GIVEN RECORDS:
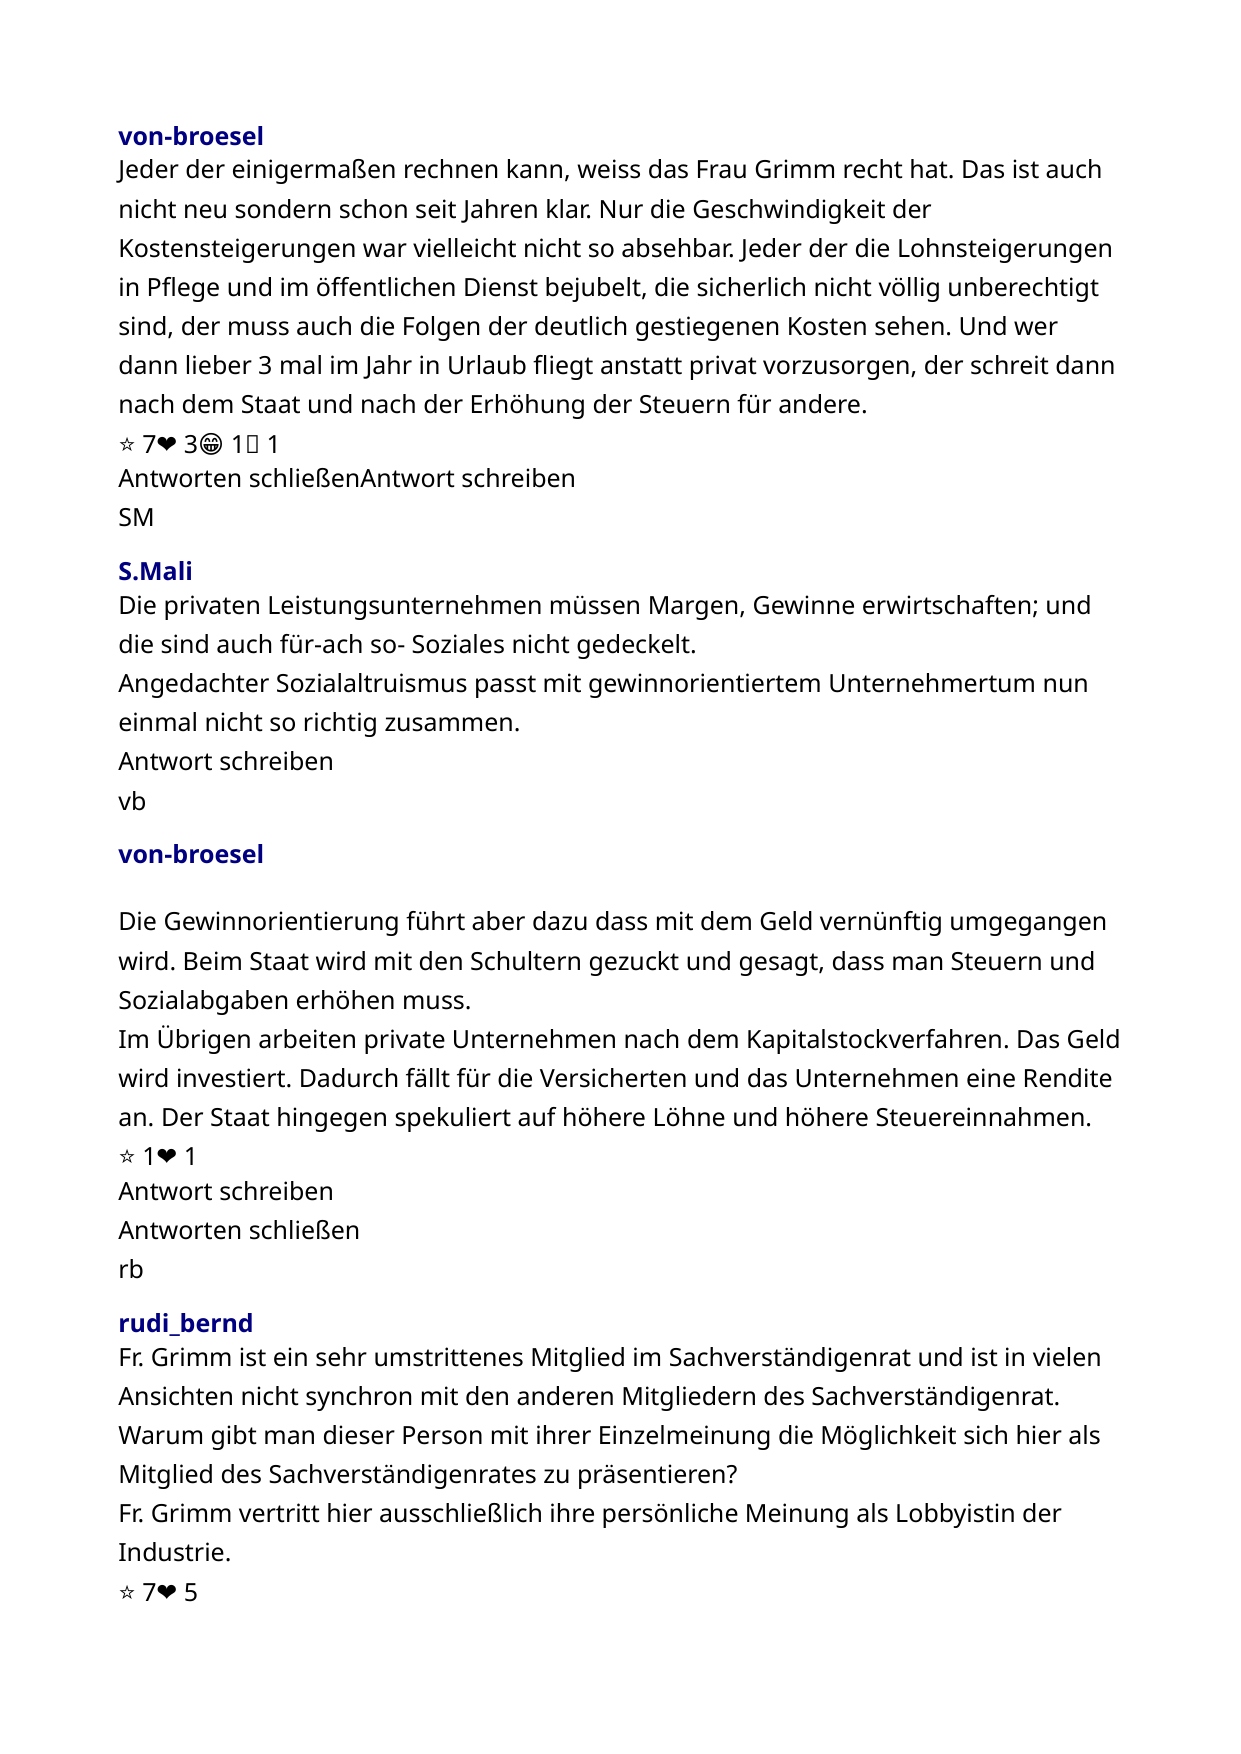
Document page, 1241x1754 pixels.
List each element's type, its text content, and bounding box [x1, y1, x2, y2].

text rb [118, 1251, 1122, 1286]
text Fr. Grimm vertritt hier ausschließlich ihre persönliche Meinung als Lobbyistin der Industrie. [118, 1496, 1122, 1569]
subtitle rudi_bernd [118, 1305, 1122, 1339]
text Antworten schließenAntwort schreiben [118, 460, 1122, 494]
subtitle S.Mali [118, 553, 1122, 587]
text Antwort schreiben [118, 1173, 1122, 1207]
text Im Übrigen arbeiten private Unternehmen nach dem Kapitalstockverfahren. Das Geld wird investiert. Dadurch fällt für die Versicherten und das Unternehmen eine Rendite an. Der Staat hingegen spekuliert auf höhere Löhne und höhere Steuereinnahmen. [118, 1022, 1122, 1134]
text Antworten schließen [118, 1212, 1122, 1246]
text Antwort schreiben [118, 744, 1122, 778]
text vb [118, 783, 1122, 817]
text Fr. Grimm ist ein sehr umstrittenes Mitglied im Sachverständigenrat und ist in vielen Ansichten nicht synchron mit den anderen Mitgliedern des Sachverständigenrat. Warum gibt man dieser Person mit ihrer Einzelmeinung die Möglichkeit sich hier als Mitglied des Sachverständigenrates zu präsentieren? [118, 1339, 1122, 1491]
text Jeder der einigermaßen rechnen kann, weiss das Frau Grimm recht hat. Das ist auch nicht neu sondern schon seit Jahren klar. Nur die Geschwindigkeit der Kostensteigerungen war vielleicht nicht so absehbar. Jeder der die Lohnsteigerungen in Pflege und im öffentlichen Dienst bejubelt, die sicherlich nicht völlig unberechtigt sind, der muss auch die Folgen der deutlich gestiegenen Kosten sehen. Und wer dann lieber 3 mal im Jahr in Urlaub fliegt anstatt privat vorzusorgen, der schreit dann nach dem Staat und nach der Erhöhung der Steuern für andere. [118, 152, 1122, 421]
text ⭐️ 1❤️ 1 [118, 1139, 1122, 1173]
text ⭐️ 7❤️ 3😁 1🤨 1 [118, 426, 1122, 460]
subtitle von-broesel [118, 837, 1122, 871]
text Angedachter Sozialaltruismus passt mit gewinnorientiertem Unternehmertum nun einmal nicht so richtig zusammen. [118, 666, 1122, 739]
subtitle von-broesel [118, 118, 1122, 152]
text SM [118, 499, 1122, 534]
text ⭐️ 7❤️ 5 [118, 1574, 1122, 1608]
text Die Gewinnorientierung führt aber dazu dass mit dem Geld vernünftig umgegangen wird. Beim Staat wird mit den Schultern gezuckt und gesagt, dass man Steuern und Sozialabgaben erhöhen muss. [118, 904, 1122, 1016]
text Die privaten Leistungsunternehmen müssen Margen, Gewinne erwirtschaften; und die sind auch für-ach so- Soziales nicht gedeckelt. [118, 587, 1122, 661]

WHAT TO WORK ON: Would you copy out exactly the lines above that start at the one containing "subtitle von-broesel [118, 837, 1122, 871]" and end at the one containing "text Die Gewinnorientierung", inclusive?

FINISHED TASK:
subtitle von-broesel [118, 837, 1122, 871]
text Angedachter Sozialaltruismus passt mit gewinnorientiertem Unternehmertum nun einmal nicht so richtig zusammen. [118, 666, 1122, 739]
subtitle von-broesel [118, 118, 1122, 152]
text SM [118, 499, 1122, 534]
text ⭐️ 7❤️ 5 [118, 1574, 1122, 1608]
text Die Gewinnorientierung führt aber dazu dass mit dem Geld vernünftig umgegangen wird. Beim Staat wird mit den Schultern gezuckt und gesagt, dass man Steuern und Sozialabgaben erhöhen muss. [118, 904, 1122, 1016]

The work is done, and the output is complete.